One of those Sundays, he visited a neighborhood church that announced that they were looking for a youth director. I had no intention of going immediately on another church staff. I’m not sure what I thought I was going to do all day as Lucas worked and we hardly had money for me to be a lady of leisure. We had a four bedroom house with a king sized mattress and frame, a guest bed (which was a REALLY big splurge), a couch and a love seat. We purchased a two seater kitchen table and at that point we thought we had arrived. We were living large, but we certainly did not have disposable income for me to fancy up the joint.
When you move to a new place, the normal questions people ask include your name, where you have recently lived and your profession. When we set out to find a church, I intentionally did not mention that I “knew” anything about church work. I wanted to find a church that we could love, not an employer. I wasn’t even sure if I wanted to work full time in vocational ministry. That was short lived. Upon receiving a call from the Associate Pastor to thank us for visiting, apparently I asked questions that were a dead giveaway. I knew too much. She quickly picked up on my love for the Church and students. Within weeks, I was in a final interview, and by March 1, I was on full time staff as the Director of Youth Ministry.
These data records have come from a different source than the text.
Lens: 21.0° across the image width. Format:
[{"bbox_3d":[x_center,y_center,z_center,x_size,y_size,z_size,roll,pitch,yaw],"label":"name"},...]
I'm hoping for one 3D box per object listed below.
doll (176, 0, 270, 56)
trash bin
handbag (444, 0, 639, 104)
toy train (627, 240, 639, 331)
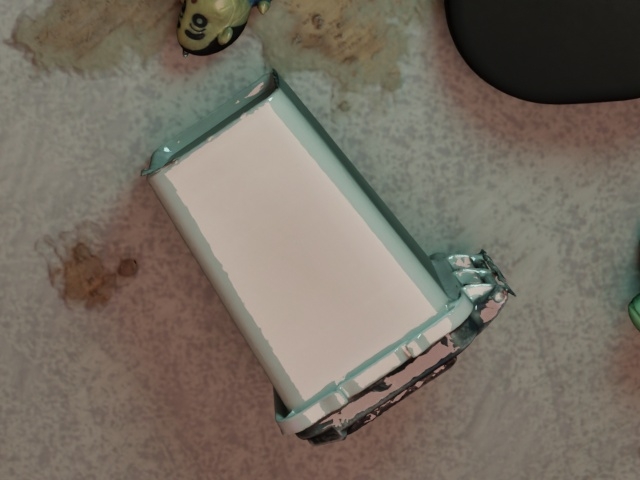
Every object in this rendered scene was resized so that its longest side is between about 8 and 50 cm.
[{"bbox_3d":[-0.093,-0.269,1.875,0.179,0.102,0.089,-49,147,10],"label":"doll"},{"bbox_3d":[0.000,0.000,1.910,0.296,0.256,0.367,-34,102,7],"label":"trash bin"},{"bbox_3d":[0.289,-0.274,1.878,0.308,0.093,0.253,-2,112,14],"label":"handbag"},{"bbox_3d":[0.578,0.003,2.020,0.442,0.179,0.272,-41,116,6],"label":"toy train"}]
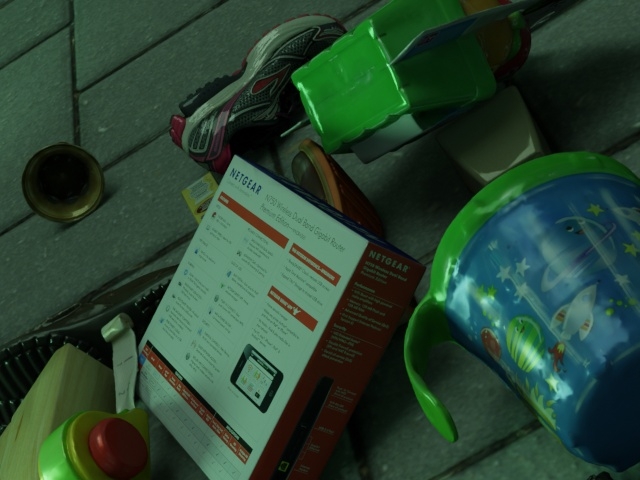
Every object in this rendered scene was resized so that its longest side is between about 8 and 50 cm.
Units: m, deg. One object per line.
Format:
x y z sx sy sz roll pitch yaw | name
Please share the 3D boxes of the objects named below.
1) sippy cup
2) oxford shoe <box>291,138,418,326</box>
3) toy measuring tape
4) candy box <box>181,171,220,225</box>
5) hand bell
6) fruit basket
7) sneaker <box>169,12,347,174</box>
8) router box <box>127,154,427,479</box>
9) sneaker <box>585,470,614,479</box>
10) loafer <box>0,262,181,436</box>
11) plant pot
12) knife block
0.246 0.075 1.282 0.305 0.240 0.224 -53 38 20 | sippy cup
0.000 0.000 1.691 0.133 0.130 0.363 -36 31 11 | oxford shoe
-0.251 0.196 1.569 0.121 0.121 0.330 -26 45 16 | toy measuring tape
-0.109 -0.001 1.808 0.053 0.109 0.186 -36 31 -1 | candy box
-0.412 -0.119 2.290 0.126 0.126 0.242 -35 18 1 | hand bell
0.164 -0.213 1.684 0.353 0.165 0.327 -16 -6 -34 | fruit basket
-0.071 -0.207 2.059 0.299 0.121 0.112 -42 61 -11 | sneaker
-0.063 0.095 1.552 0.301 0.082 0.335 -63 33 5 | router box
0.216 0.233 1.234 0.084 0.058 0.152 -51 39 -13 | sneaker
-0.270 0.136 1.793 0.366 0.134 0.130 -23 12 4 | loafer
0.212 -0.089 1.627 0.109 0.109 0.096 -32 43 7 | plant pot
-0.292 0.274 1.598 0.275 0.088 0.242 -58 30 -8 | knife block

The church got a package deal with us. And really, Lucas was the best bonus. I could plan and organize and do the details. I could impart wisdom and offer friendship. But Lucas, he was the fun one. The worst part of being my husband was that he had to follow my rules. In the first 3 years of our marriage, we grew to love serving and working and playing and dreaming as we journeyed with some of the dearest people in our lives, still to this day. The memories we made and the laughter and tears that we shared as we served and skied and canoed and taught and played and worshiped and drove and chaperoned were foundational to our love of Church. There is nothing that can take that pure joy away from us as a couple.
And as we grew to love other people’s kids, we began to dream about what it would look like to be parents ourselves. We had handled youth camp, how much harder could it get? It was with that insane naivety that we began praying for the “right time” to talk about a family. And if you have ever navigated these waters, you know that you are never really ready. Never.